Aim of the exercise
Transcribe word for word the lines below from the line with "57.4h16.8M93.8 43.3v144.9M94 57.4h16.8M110.9" through the line with "109.7h16.8M94 114.1h16.8M94 118.5h16.8M111", ends included.

(Data entries)
# # # #

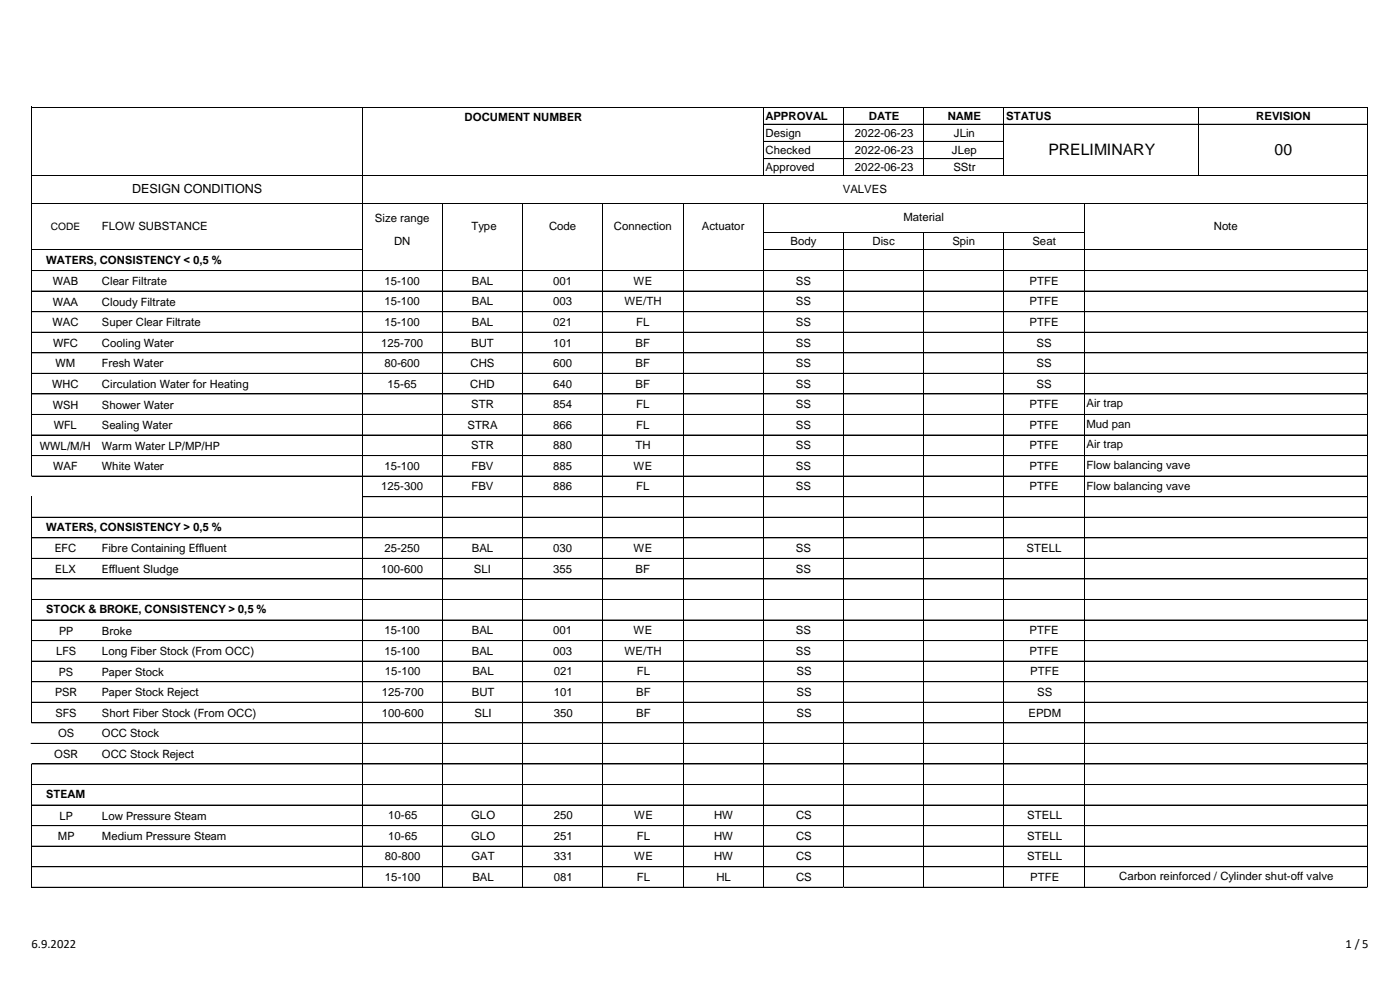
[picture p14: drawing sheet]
<svg xmlns="http://www.w3.org/2000/svg" width="297mm" height="210mm" viewBox="0 0 297 210" stroke-linecap="round" stroke-linejoin="round" font-family="sans-serif">
<defs><g id="words">
<g font-size="3.3">
<text x="222.4" y="32.8">PRELIMINARY</text>
<text x="270.4" y="32.8">00</text>
</g>
<g font-size="2.7">
<text x="28" y="41">DESIGN CONDITIONS</text>
<text x="6.7" y="201">6.9.2022</text>
<text x="285.5" y="201">1 / 5</text>
</g>
<g font-size="2.4">
<text x="98.6" y="25.7">DOCUMENT NUMBER</text>
<text x="162.4" y="25.4">APPROVAL</text>
<text x="162.4" y="29">Design</text>
<text x="181.4" y="29">2022-06-23</text>
<text x="184.3" y="25.4">DATE</text>
<text x="201.1" y="25.4">NAME</text>
<text x="202.4" y="29">JLin</text>
<text x="213.5" y="25.4">STATUS</text>
<text x="266.5" y="25.4">REVISION</text>
<text x="162.4" y="32.6">Checked</text>
<text x="181.4" y="32.6">2022-06-23</text>
<text x="202" y="32.6">JLep</text>
<text x="162.4" y="36.3">Approved</text>
<text x="178.8" y="40.9">VALVES</text>
<text x="181.4" y="36.3">2022-06-23</text>
<text x="202.3" y="36.3">SStr</text>
<text x="79.6" y="47">Size range</text>
<text x="191.7" y="46.9">Material</text>
<text x="21.6" y="48.8">FLOW SUBSTANCE</text>
<text x="83.6" y="52">DN</text>
<text x="100" y="48.8">Type</text>
<text x="116.5" y="48.8">Code</text>
<text x="130.2" y="48.8">Connection</text>
<text x="148.9" y="48.8">Actuator</text>
<text x="167.7" y="52">Body</text>
<text x="185.1" y="52">Disc</text>
<text x="202" y="52">Spin</text>
<text x="219" y="52">Seat</text>
<text x="257.5" y="48.8">Note</text>
<text x="9.8" y="55.9">WATERS, CONSISTENCY &lt; 0,5 %</text>
<text x="11.2" y="64.9">WAA</text>
<text x="11.2" y="60.5">WAB</text>
<text x="21.6" y="60.5">Clear Filtrate</text>
<text x="21.6" y="64.9">Cloudy Filtrate</text>
<text x="81.5" y="60.4">15-100</text>
<text x="81.5" y="64.8">15-100</text>
<text x="100.1" y="60.4">BAL</text>
<text x="100.1" y="64.8">BAL</text>
<text x="117.4" y="60.4">001</text>
<text x="117.4" y="64.8">003</text>
<text x="132.5" y="64.8">WE/TH</text>
<text x="134.4" y="60.4">WE</text>
<text x="168.9" y="60.4">SS</text>
<text x="168.9" y="64.8">SS</text>
<text x="218.4" y="60.4">PTFE</text>
<text x="218.4" y="64.8">PTFE</text>
<text x="11.1" y="69.2">WAC</text>
<text x="21.6" y="69.2">Super Clear Filtrate</text>
<text x="81.5" y="69.1">15-100</text>
<text x="100.1" y="69.1">BAL</text>
<text x="117.4" y="69.1">021</text>
<text x="135" y="69.1">FL</text>
<text x="168.9" y="69.1">SS</text>
<text x="218.4" y="69.1">PTFE</text>
<text x="11.3" y="73.6">WFC</text>
<text x="11.8" y="78">WM</text>
<text x="21.6" y="73.6">Cooling Water</text>
<text x="21.6" y="78">Fresh Water</text>
<text x="80.9" y="73.5">125-700</text>
<text x="81.5" y="77.9">80-600</text>
<text x="99.8" y="77.9">CHS</text>
<text x="100" y="73.5">BUT</text>
<text x="117.4" y="73.5">101</text>
<text x="117.4" y="77.9">600</text>
<text x="134.8" y="73.5">BF</text>
<text x="134.8" y="77.9">BF</text>
<text x="168.9" y="73.5">SS</text>
<text x="168.9" y="77.9">SS</text>
<text x="219.9" y="73.5">SS</text>
<text x="219.9" y="77.9">SS</text>
<text x="11.1" y="82.3">WHC</text>
<text x="21.6" y="82.3">Circulation Water for Heating</text>
<text x="82.2" y="82.2">15-65</text>
<text x="99.8" y="82.2">CHD</text>
<text x="117.4" y="82.2">640</text>
<text x="134.8" y="82.2">BF</text>
<text x="168.9" y="82.2">SS</text>
<text x="219.9" y="82.2">SS</text>
<text x="11.2" y="86.7">WSH</text>
<text x="21.6" y="86.7">Shower Water</text>
<text x="100" y="86.6">STR</text>
<text x="117.4" y="86.6">854</text>
<text x="135" y="86.6">FL</text>
<text x="168.9" y="86.6">SS</text>
<text x="218.4" y="86.6">PTFE</text>
<text x="230.5" y="86.4">Air trap</text>
<text x="8.5" y="95.4">WWL/M/H</text>
<text x="11.4" y="91">WFL</text>
<text x="21.6" y="91">Sealing Water</text>
<text x="21.6" y="95.4">Warm Water LP/MP/HP</text>
<text x="99.2" y="90.9">STRA</text>
<text x="100" y="95.3">STR</text>
<text x="117.4" y="90.9">866</text>
<text x="117.4" y="95.3">880</text>
<text x="134.8" y="95.3">TH</text>
<text x="135" y="90.9">FL</text>
<text x="168.9" y="90.9">SS</text>
<text x="168.9" y="95.3">SS</text>
<text x="218.4" y="90.9">PTFE</text>
<text x="218.4" y="95.3">PTFE</text>
<text x="230.5" y="90.8">Mud pan</text>
<text x="230.5" y="95.1">Air trap</text>
<text x="11.3" y="99.8">WAF</text>
<text x="21.6" y="99.8">White Water</text>
<text x="81.5" y="99.7">15-100</text>
<text x="100" y="99.7">FBV</text>
<text x="117.4" y="99.7">885</text>
<text x="134.4" y="99.7">WE</text>
<text x="168.9" y="99.7">SS</text>
<text x="218.4" y="99.7">PTFE</text>
<text x="230.5" y="99.5">Flow balancing vave</text>
<text x="80.9" y="104">125-300</text>
<text x="100" y="104">FBV</text>
<text x="117.4" y="104">886</text>
<text x="135" y="104">FL</text>
<text x="168.9" y="104">SS</text>
<text x="218.4" y="104">PTFE</text>
<text x="230.5" y="103.9">Flow balancing vave</text>
<text x="9.8" y="112.6">WATERS, CONSISTENCY &gt; 0,5 %</text>
<text x="11.6" y="117.2">EFC</text>
<text x="21.6" y="117.2">Fibre Containing Effluent</text>
<text x="81.5" y="117.1">25-250</text>
<text x="100.1" y="117.1">BAL</text>
<text x="117.4" y="117.1">030</text>
<text x="134.4" y="117.1">WE</text>
<text x="168.9" y="117.1">SS</text>
<text x="217.8" y="117.1">STELL</text>
<text x="11.7" y="121.6">ELX</text>
<text x="21.6" y="121.6">Effluent Sludge</text>
<text x="80.9" y="121.5">100-600</text>
<text x="100.6" y="121.5">SLI</text>
<text x="117.4" y="121.5">355</text>
<text x="134.8" y="121.5">BF</text>
<text x="168.9" y="121.5">SS</text>
<text x="9.8" y="130.1">STOCK &amp; BROKE, CONSISTENCY &gt; 0,5 %</text>
<text x="12.5" y="134.6">PP</text>
<text x="21.6" y="134.6">Broke</text>
<text x="81.5" y="134.6">15-100</text>
<text x="100.1" y="134.6">BAL</text>
<text x="117.4" y="134.6">001</text>
<text x="134.4" y="134.6">WE</text>
<text x="168.9" y="134.6">SS</text>
<text x="218.4" y="134.6">PTFE</text>
<text x="11.9" y="139">LFS</text>
<text x="12.5" y="143.3">PS</text>
<text x="21.6" y="139">Long Fiber Stock (From OCC)</text>
<text x="21.6" y="143.4">Paper Stock</text>
<text x="81.5" y="138.9">15-100</text>
<text x="81.7" y="143.3">15-100</text>
<text x="100.1" y="138.9">BAL</text>
<text x="100.2" y="143.3">BAL</text>
<text x="117.4" y="138.9">003</text>
<text x="117.5" y="143.3">021</text>
<text x="132.5" y="138.9">WE/TH</text>
<text x="135.1" y="143.3">FL</text>
<text x="168.9" y="138.9">SS</text>
<text x="169" y="143.3">SS</text>
<text x="218.4" y="138.9">PTFE</text>
<text x="218.6" y="143.3">PTFE</text>
<text x="11.7" y="147.7">PSR</text>
<text x="21.6" y="147.7">Paper Stock Reject</text>
<text x="81" y="147.6">125-700</text>
<text x="100.1" y="147.6">BUT</text>
<text x="117.5" y="147.6">101</text>
<text x="135" y="147.6">BF</text>
<text x="169" y="147.6">SS</text>
<text x="220" y="147.6">SS</text>
<text x="11.8" y="152">SFS</text>
<text x="21.6" y="152">Short Fiber Stock (From OCC)</text>
<text x="81" y="152">100-600</text>
<text x="100.7" y="152">SLI</text>
<text x="117.5" y="152">350</text>
<text x="135" y="152">BF</text>
<text x="169" y="152">SS</text>
<text x="218.2" y="152">EPDM</text>
<text x="11.5" y="160.8">OSR</text>
<text x="12.3" y="156.4">OS</text>
<text x="21.6" y="156.4">OCC Stock</text>
<text x="21.6" y="160.8">OCC Stock Reject</text>
<text x="9.8" y="169.3">STEAM</text>
<text x="12.6" y="173.9">LP</text>
<text x="21.6" y="173.9">Low Pressure Steam</text>
<text x="82.3" y="173.8">10-65</text>
<text x="100" y="173.8">GLO</text>
<text x="117.5" y="173.8">250</text>
<text x="134.6" y="173.8">WE</text>
<text x="151.5" y="173.8">HW</text>
<text x="168.9" y="173.8">CS</text>
<text x="217.9" y="173.8">STELL</text>
<text x="12.3" y="178.2">MP</text>
<text x="21.6" y="178.2">Medium Pressure Steam</text>
<text x="82.3" y="178.2">10-65</text>
<text x="100" y="178.2">GLO</text>
<text x="117.5" y="178.2">251</text>
<text x="135.1" y="178.2">FL</text>
<text x="151.5" y="178.2">HW</text>
<text x="168.9" y="178.2">CS</text>
<text x="217.9" y="178.2">STELL</text>
<text x="81.7" y="182.5">80-800</text>
<text x="100" y="182.5">GAT</text>
<text x="117.5" y="182.5">331</text>
<text x="134.6" y="182.5">WE</text>
<text x="151.5" y="182.5">HW</text>
<text x="168.9" y="182.5">CS</text>
<text x="217.9" y="182.5">STELL</text>
<text x="81.7" y="186.9">15-100</text>
<text x="100.2" y="186.9">BAL</text>
<text x="117.5" y="186.9">081</text>
<text x="135.1" y="186.9">FL</text>
<text x="152" y="186.9">HL</text>
<text x="168.9" y="186.9">CS</text>
<text x="218.6" y="186.9">PTFE</text>
<text x="237.4" y="186.7">Carbon reinforced / Cylinder shut-off valve</text>
</g>
<text font-size="2.2" x="10.8" y="48.7">CODE</text>
</g></defs>
<g fill="none" stroke="#000" stroke-width=".21">
<path d="M6.6 22.6v78.4M6.7 22.7h283.5M6.7 37.3h283.5M76.8 22.8v165.4M161.9 22.8v14.6M162 26.4h16.8M162 30h16.8M162 33.6h16.8M178.9 22.8v14.6M179.1 26.4h16.8M179.1 30h16.8M179.1 33.6h16.8"/>
<path d="M196 22.8v14.6M196.1 26.4h16.8M196.1 30h16.8M196.1 33.6h16.8M213 22.8v14.6M213.1 26.4h41M254.2 22.8v14.6M254.3 26.4h35.7M290.1 22.8v165.4M6.7 53h70.2M6.7 57.4h70M6.7 43.2h283.5"/>
<path d="M76.9 57.4h16.8M93.8 43.3v144.9M94 57.4h16.8M110.9 43.3v144.9M111 57.4h16.8M127.9 43.3v144.9M128 57.4h16.8M144.9 43.3v144.9M145 57.4h16.8M161.9 43.3v144.9M162 53h128.2M162 57.4h16.8"/>
<path d="M162 49.2h68.1M178.9 49.3v138.9M179.1 57.4h16.8M196 49.3v138.9M196.1 57.4h16.8M213 49.3v138.9M213.1 57.4h16.8M230 43.3v144.9M230.1 57.4h59.9M6.7 61.8h70M6.7 66.1h70M6.7 70.5h70"/>
<path d="M6.7 74.8h70M6.7 79.2h70M76.9 61.8h16.8M76.9 66.1h16.8M76.9 70.5h16.8M76.9 74.8h16.8M76.9 79.2h16.8M94 61.8h16.8M94 66.1h16.8M94 70.5h16.8M94 74.8h16.8M94 79.2h16.8"/>
<path d="M111 61.8h16.8M111 66.1h16.8M111 70.5h16.8M111 74.8h16.8M111 79.2h16.8M128 61.8h16.8M128 66.1h16.8M128 70.5h16.8M128 74.8h16.8M128 79.2h16.8M145 61.8h16.8M145 66.1h16.8"/>
<path d="M145 70.5h16.8M145 74.8h16.8M145 79.2h16.8M162 61.8h16.8M162 66.1h16.8M162 70.5h16.8M162 74.8h16.8M162 79.2h16.8M179.1 61.8h16.8M179.1 66.1h16.8M179.1 70.5h16.8M179.1 74.8h16.8"/>
<path d="M179.1 79.2h16.8M196.1 61.8h16.8M196.1 66.1h16.8M196.1 70.5h16.8M196.1 74.8h16.8M196.1 79.2h16.8M213.1 61.8h16.8M213.1 66.1h16.8M213.1 70.5h16.8M213.1 74.8h16.8M213.1 79.2h16.8M230.1 61.8h59.9"/>
<path d="M230.1 66.1h59.9M230.1 70.5h59.9M230.1 74.8h59.9M230.1 79.2h59.9M6.7 83.6h70M6.7 87.9h70M6.7 92.3h70M6.7 96.6h70M76.9 83.6h16.8M76.9 87.9h16.8M76.9 92.3h16.8M76.9 96.6h16.8"/>
<path d="M94 83.6h16.8M94 87.9h16.8M94 92.3h16.8M94 96.6h16.8M111 83.6h16.8M111 87.9h16.8M111 92.3h16.8M111 96.6h16.8M128 83.6h16.8M128 87.9h16.8M128 92.3h16.8M128 96.6h16.8"/>
<path d="M145 83.6h16.8M145 87.9h16.8M145 92.3h16.8M145 96.6h16.8M162 83.6h16.8M162 87.9h16.8M162 92.3h16.8M162 96.6h16.8M179.1 83.6h16.8M179.1 87.9h16.8M179.1 92.3h16.8M179.1 96.6h16.8"/>
<path d="M196.1 83.6h16.8M196.1 87.9h16.8M196.1 92.3h16.8M196.1 96.6h16.8M213.1 83.6h16.8M213.1 87.9h16.8M213.1 92.3h16.8M213.1 96.6h16.8M230.1 83.6h59.9M230.1 87.9h59.9M230.1 92.3h59.9M230.1 96.6h59.9"/>
<path d="M6.6 105.3v48.1M6.7 101h70M6.7 109.7h70M6.7 114.1h70M6.7 118.5h70M76.9 101h16.8M76.9 105.4h16.8M76.9 109.7h16.8M76.9 114.1h16.8M76.9 118.5h16.8M94 101h16.8M94 105.4h16.8"/>
<path d="M94 109.7h16.8M94 114.1h16.8M94 118.5h16.8M111 101h16.8M111 105.4h16.8M111 109.7h16.8M111 114.1h16.8M111 118.5h16.8M128 101h16.8M128 105.4h16.8M128 109.7h16.8M128 114.1h16.8"/>
<path d="M128 118.5h16.8M145 101h16.8M145 105.4h16.8M145 109.7h16.8M145 114.1h16.8M145 118.5h16.8M162 101h16.8M162 105.4h16.8M162 109.7h16.8M162 114.1h16.8M162 118.5h16.8M179.1 101h16.8"/>
<path d="M179.1 105.4h16.8M179.1 109.7h16.8M179.1 114.1h16.8M179.1 118.5h16.8M196.1 101h16.8M196.1 105.4h16.8M196.1 109.7h16.8M196.1 114.1h16.8M196.1 118.5h16.8M213.1 101h16.8M213.1 105.4h16.8M213.1 109.7h16.8"/>
<path d="M213.1 114.1h16.8M213.1 118.5h16.8M230.1 101h59.9M230.1 105.4h59.9M230.1 109.7h59.9M230.1 114.1h59.9M230.1 118.5h59.9M6.7 122.8h70M6.7 127.2h70M6.7 131.5h70M6.7 135.9h70M76.9 122.8h16.8"/>
<path d="M76.9 127.2h16.8M76.9 131.5h16.8M76.9 135.9h16.8M94 122.8h16.8M94 127.2h16.8M94 131.5h16.8M94 135.9h16.8M111 122.8h16.8M111 127.2h16.8M111 131.5h16.8M111 135.9h16.8M128 122.8h16.8"/>
<path d="M128 127.2h16.8M128 131.5h16.8M128 135.9h16.8M145 122.8h16.8M145 127.2h16.8M145 131.5h16.8M145 135.9h16.8M162 122.8h16.8M162 127.2h16.8M162 131.5h16.8M162 135.9h16.8M179.1 122.8h16.8"/>
<path d="M179.1 127.2h16.8M179.1 131.5h16.8M179.1 135.9h16.8M196.1 122.8h16.8M196.1 127.2h16.8M196.1 131.5h16.8M196.1 135.9h16.8M213.1 122.8h16.8M213.1 127.2h16.8M213.1 131.5h16.8M213.1 135.9h16.8M230.1 122.8h59.9"/>
<path d="M230.1 127.2h59.9M230.1 131.5h59.9M230.1 135.9h59.9M6.6 157.7h70.1M6.7 140.3h70M6.7 144.6h70M6.7 149h70M6.7 153.3h70M76.9 140.3h16.8M76.9 144.6h16.8M76.9 149h16.8M76.9 153.3h16.8"/>
<path d="M76.9 157.7h16.8M94 140.3h16.8M94 144.6h16.8M94 149h16.8M94 153.3h16.8M94 157.7h16.8M111 140.3h16.8M111 144.6h16.8M111 149h16.8M111 153.3h16.8M111 157.7h16.8M128 140.3h16.8"/>
<path d="M128 144.6h16.8M128 149h16.8M128 153.3h16.8M128 157.7h16.8M145 140.3h16.8M145 144.6h16.8M145 149h16.8M145 153.3h16.8M145 157.7h16.8M162 140.3h16.8M162 144.6h16.8M162 149h16.8"/>
<path d="M162 153.3h16.8M162 157.7h16.8M179.1 140.3h16.8M179.1 144.6h16.8M179.1 149h16.8M179.1 153.3h16.8M179.1 157.7h16.8M196.1 140.3h16.8M196.1 144.6h16.8M196.1 149h16.8M196.1 153.3h16.8M196.1 157.7h16.8"/>
<path d="M213.1 140.3h16.8M213.1 144.6h16.8M213.1 149h16.8M213.1 153.3h16.8M213.1 157.7h16.8M230.1 140.3h59.9M230.1 144.6h59.9M230.1 149h59.9M230.1 153.3h59.9M230.1 157.7h59.9M6.6 162v26.2M6.7 162.1h70"/>
<path d="M6.7 166.4h70M6.7 170.8h70M6.7 175.1h70M6.7 179.5h70M76.9 162.1h16.8M76.9 166.4h16.8M76.9 170.8h16.8M76.9 175.1h16.8M76.9 179.5h16.8M94 162.1h16.8M94 166.4h16.8M94 170.8h16.8"/>
<path d="M94 175.1h16.8M94 179.5h16.8M111 162.1h16.8M111 166.4h16.8M111 170.8h16.8M111 175.1h16.8M111 179.5h16.8M128 162.1h16.8M128 166.4h16.8M128 170.8h16.8M128 175.1h16.8M128 179.5h16.8"/>
<path d="M145 162.1h16.8M145 166.4h16.8M145 170.8h16.8M145 175.1h16.8M145 179.5h16.8M162 162.1h16.8M162 166.4h16.8M162 170.8h16.8M162 175.1h16.8M162 179.5h16.8M179.1 162.1h16.8M179.1 166.4h16.8"/>
<path d="M179.1 170.8h16.8M179.1 175.1h16.8M179.1 179.5h16.8M196.1 162.1h16.8M196.1 166.4h16.8M196.1 170.8h16.8M196.1 175.1h16.8M196.1 179.5h16.8M213.1 162.1h16.8M213.1 166.4h16.8M213.1 170.8h16.8M213.1 175.1h16.8"/>
<path d="M213.1 179.5h16.8M230.1 162.1h59.9M230.1 166.4h59.9M230.1 170.8h59.9M230.1 175.1h59.9M230.1 179.5h59.9M6.7 183.9h70M6.7 188.2h70M76.9 183.9h16.8M76.9 188.2h16.8M94 183.9h16.8M94 188.2h16.8"/>
<path d="M111 183.9h16.8M111 188.2h16.8M128 183.9h16.8M128 188.2h16.8M145 183.9h16.8M145 188.2h16.8M162 183.9h16.8M162 188.2h16.8M179.1 183.9h16.8M179.1 188.2h16.8M196.1 183.9h16.8M196.1 188.2h16.8"/>
<path d="M213.1 183.9h16.8M213.1 188.2h16.8M230.1 183.9h59.9M230.1 188.2h59.9"/>
</g>
<use href="#words"/>
</svg>

# # # #

Your response
<path d="M76.9 57.4h16.8M93.8 43.3v144.9M94 57.4h16.8M110.9 43.3v144.9M111 57.4h16.8M127.9 43.3v144.9M128 57.4h16.8M144.9 43.3v144.9M145 57.4h16.8M161.9 43.3v144.9M162 53h128.2M162 57.4h16.8"/>
<path d="M162 49.2h68.1M178.9 49.3v138.9M179.1 57.4h16.8M196 49.3v138.9M196.1 57.4h16.8M213 49.3v138.9M213.1 57.4h16.8M230 43.3v144.9M230.1 57.4h59.9M6.7 61.8h70M6.7 66.1h70M6.7 70.5h70"/>
<path d="M6.7 74.8h70M6.7 79.2h70M76.9 61.8h16.8M76.9 66.1h16.8M76.9 70.5h16.8M76.9 74.8h16.8M76.9 79.2h16.8M94 61.8h16.8M94 66.1h16.8M94 70.5h16.8M94 74.8h16.8M94 79.2h16.8"/>
<path d="M111 61.8h16.8M111 66.1h16.8M111 70.5h16.8M111 74.8h16.8M111 79.2h16.8M128 61.8h16.8M128 66.1h16.8M128 70.5h16.8M128 74.8h16.8M128 79.2h16.8M145 61.8h16.8M145 66.1h16.8"/>
<path d="M145 70.5h16.8M145 74.8h16.8M145 79.2h16.8M162 61.8h16.8M162 66.1h16.8M162 70.5h16.8M162 74.8h16.8M162 79.2h16.8M179.1 61.8h16.8M179.1 66.1h16.8M179.1 70.5h16.8M179.1 74.8h16.8"/>
<path d="M179.1 79.2h16.8M196.1 61.8h16.8M196.1 66.1h16.8M196.1 70.5h16.8M196.1 74.8h16.8M196.1 79.2h16.8M213.1 61.8h16.8M213.1 66.1h16.8M213.1 70.5h16.8M213.1 74.8h16.8M213.1 79.2h16.8M230.1 61.8h59.9"/>
<path d="M230.1 66.1h59.9M230.1 70.5h59.9M230.1 74.8h59.9M230.1 79.2h59.9M6.7 83.6h70M6.7 87.9h70M6.7 92.3h70M6.7 96.6h70M76.9 83.6h16.8M76.9 87.9h16.8M76.9 92.3h16.8M76.9 96.6h16.8"/>
<path d="M94 83.6h16.8M94 87.9h16.8M94 92.3h16.8M94 96.6h16.8M111 83.6h16.8M111 87.9h16.8M111 92.3h16.8M111 96.6h16.8M128 83.6h16.8M128 87.9h16.8M128 92.3h16.8M128 96.6h16.8"/>
<path d="M145 83.6h16.8M145 87.9h16.8M145 92.3h16.8M145 96.6h16.8M162 83.6h16.8M162 87.9h16.8M162 92.3h16.8M162 96.6h16.8M179.1 83.6h16.8M179.1 87.9h16.8M179.1 92.3h16.8M179.1 96.6h16.8"/>
<path d="M196.1 83.6h16.8M196.1 87.9h16.8M196.1 92.3h16.8M196.1 96.6h16.8M213.1 83.6h16.8M213.1 87.9h16.8M213.1 92.3h16.8M213.1 96.6h16.8M230.1 83.6h59.9M230.1 87.9h59.9M230.1 92.3h59.9M230.1 96.6h59.9"/>
<path d="M6.6 105.3v48.1M6.7 101h70M6.7 109.7h70M6.7 114.1h70M6.7 118.5h70M76.9 101h16.8M76.9 105.4h16.8M76.9 109.7h16.8M76.9 114.1h16.8M76.9 118.5h16.8M94 101h16.8M94 105.4h16.8"/>
<path d="M94 109.7h16.8M94 114.1h16.8M94 118.5h16.8M111 101h16.8M111 105.4h16.8M111 109.7h16.8M111 114.1h16.8M111 118.5h16.8M128 101h16.8M128 105.4h16.8M128 109.7h16.8M128 114.1h16.8"/>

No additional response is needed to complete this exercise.